(Recorded data)
>>

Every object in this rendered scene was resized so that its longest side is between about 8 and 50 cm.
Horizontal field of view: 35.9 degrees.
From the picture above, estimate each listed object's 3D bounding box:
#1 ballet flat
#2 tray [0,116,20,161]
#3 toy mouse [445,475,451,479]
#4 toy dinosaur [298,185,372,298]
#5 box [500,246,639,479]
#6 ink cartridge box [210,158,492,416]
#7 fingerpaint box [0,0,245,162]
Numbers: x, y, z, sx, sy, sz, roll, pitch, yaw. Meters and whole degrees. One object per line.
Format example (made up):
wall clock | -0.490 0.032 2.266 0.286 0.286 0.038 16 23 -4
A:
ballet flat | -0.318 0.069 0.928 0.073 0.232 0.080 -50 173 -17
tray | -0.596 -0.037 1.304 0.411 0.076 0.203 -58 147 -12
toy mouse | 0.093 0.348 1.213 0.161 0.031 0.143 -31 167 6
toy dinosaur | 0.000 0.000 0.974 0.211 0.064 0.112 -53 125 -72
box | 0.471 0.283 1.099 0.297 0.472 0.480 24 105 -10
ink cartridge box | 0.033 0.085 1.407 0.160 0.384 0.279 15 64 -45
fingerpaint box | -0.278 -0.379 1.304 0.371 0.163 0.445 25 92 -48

<<

(What you will do) Find how many lines in the listing contain the word "object" and give that count alone.

(Exercise answer) 3